Тогда я хорошенько собрался с духом. Я притворился, что смотрю на портрет Тальма, помещавшийся около камина. Я подошел ближе к ней, но стоял к ней спиной и вообразил тогда, что она собирается отойти от камина для того, чтобы не быть подле меня. Я не захотел присутствовать при том отступательном движении, еще раз кашлянул, но уже единственно для вида, и вошел в дверь, ведущую на сцену. Я уселся в партере и услыхал, как господин Бокаж сказал режиссеру, указывая ему на репетировавшую ingénue.
— Знаете, Леон, она никуда не годится, она невозможна! В конце акта придется от нее отказаться. Империа, конечно, не была бы страстнее, но она не была бы неловка и вульгарна. Разве она еще не поправилась?
— Не думаю.
— Велите-ка узнать…
Я отважился заявить, что мадемуазель Империа сидит в фойе.
— Чего это она там застряла, что за идея? Мое милое дитя, — прибавил он, обращаясь ко мне, — будьте добры, подите сказать ей, что мы желаем, чтобы она была здесь, в ее же интересах.
Я очутился одним прыжком в фойе и выполнил возложенное на меня поручение так смиренно, что она удивилась и не могла сдержать легкой улыбки.
— Хорошо, — отвечала она, — я буду настолько добра, что повинуюсь.
Она сунула свою работу в карман, вошла и села у входа в партер. Бокаж кивнул ей головой, на что она отвечала поклоном, одновременно полным достоинства и почтительным. Он подозвал меня к себе другим кивком головы и сказал, передавая мне свою меховую грелку для ног.
— Эта девочка еще нездорова, передайте это ей.
Я почти стал на одно колено, чтобы положить этот мех под ноги Империа. Она поблагодарила меня с видом женщины, привыкшей к вниманию, и поблагодарила новым поклоном своего директора. Она принимала эту милость, как добрая принцесса принимает положенное ей поклонение. Твердое и спокойное выражение ее лица в эту минуту меня поразило, даже испугало. Ей вот не нужно было изучать других актеров для того, чтобы приобрести благородные и простые манеры, она сама могла поучить других. Каким неловким и ничтожным чувствовал я себя подле нее!
Пока ingénue путала в последней сцене действия, режиссер, потеряв терпение и обменявшись несколькими словами с директором, подошел к Империа и сказал:
— Обратите внимание на те упреки, которые делаются вашей коллеге. У нее отберут роль. Приготовьтесь репетировать ее завтра.
Империа ничего не отвечала, только слеза скатилась по ее щеке.

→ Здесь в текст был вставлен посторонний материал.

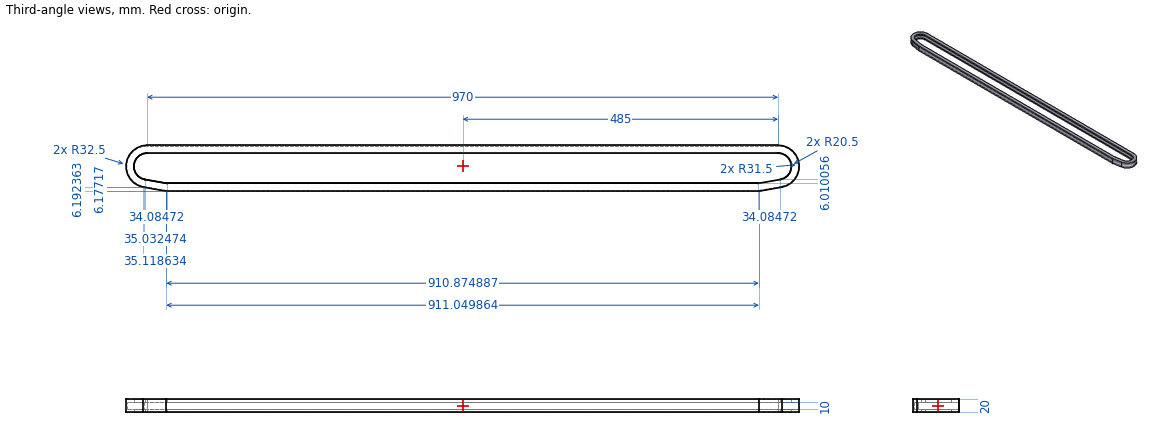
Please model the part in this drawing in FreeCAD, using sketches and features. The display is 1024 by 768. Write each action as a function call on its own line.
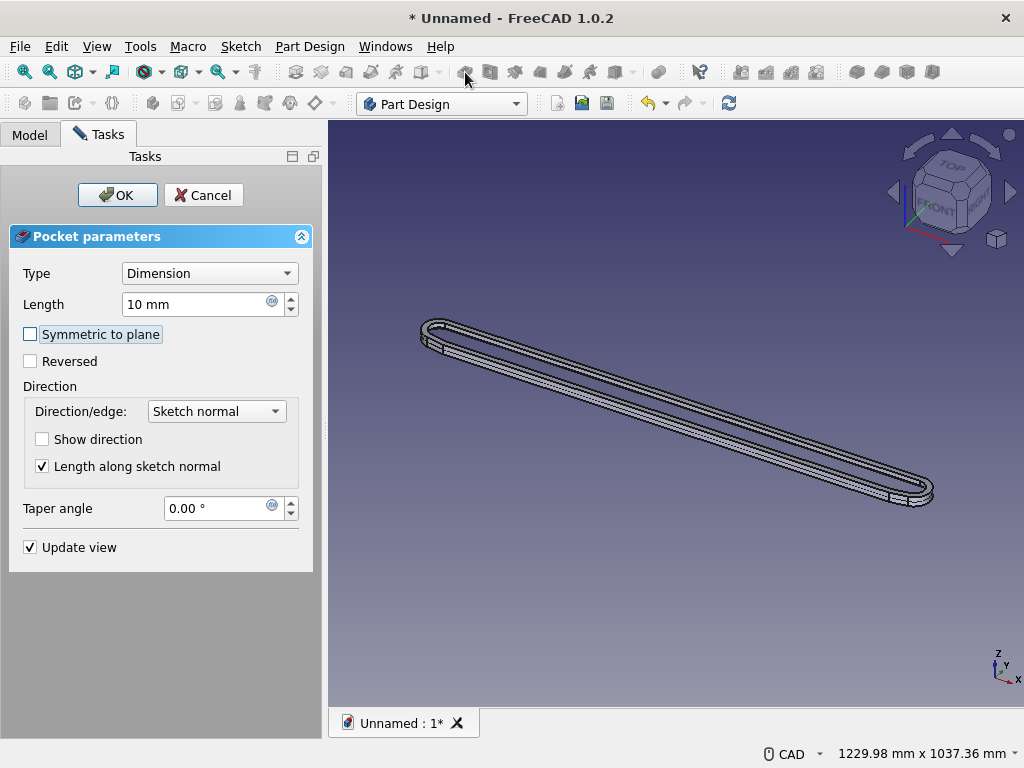
click(31, 334)

— Ну, что с вами? — продолжал режиссер.
— Ах! Я никогда не бывала еще принуждена огорчать кого-либо!
— Вам следует привыкать к этому, дитя мое, — таковы нравы театра!

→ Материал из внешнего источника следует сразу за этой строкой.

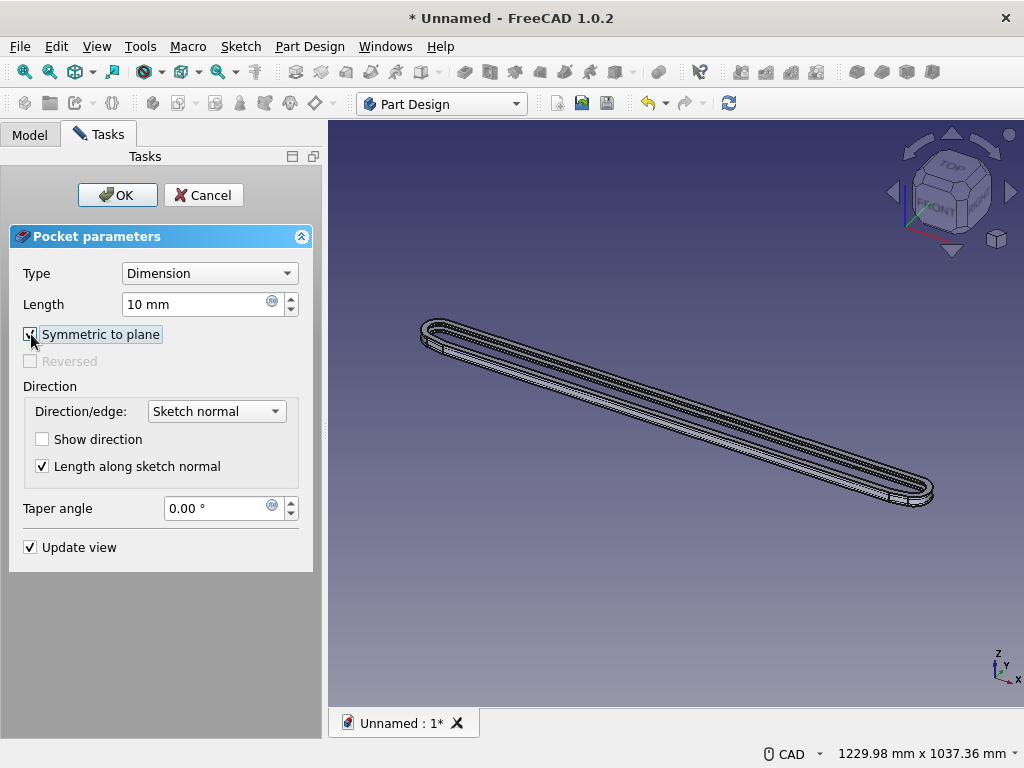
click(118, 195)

На другой день она заменила Коринну, которая объявила себя отныне ее непримиримым врагом.
Пьеса шла лучше и быстрее. Я заметил, что, когда приходилось подогревать чересчур спокойную игру Империа, к ней всегда обращались с чрезвычайной почтительностью, а в тех местах роли, где ее качества проявлялись сами собой, ее сильно ободряли. Очевидно, к ней питали уважение, превышавшее то, которое могло соответствовать ее летам и положению. Она была обязана этим своей манере держаться и своей кротости, которые внушали почтение и участие. В фойе это тайное влияние ощущалось еще более. Актеры — это дети, иногда своенравные, легкомысленные и готовые все разнести, но дети впечатлительные, тонкие наблюдатели, чрезвычайно чувствительные инструменты, звучащие при всяком дуновении. Высокомерные и жестокие хулители, они всегда готовы поддаться энтузиазму, и часто случается, что двое непримиримых врагов с восторгом аплодируют друг другу под впечатлением искреннего восхищения. Они отличаются свободным суждением невменяемых виртуозов. Их интеллектуальная жизнь или жестоко небрежна или чрезмерно великодушна. Принужденные декламировать все то дурное или хорошее, что им навязывают, они не умеют ни от чего воздерживаться — ни от пристрастия, ни от презрения.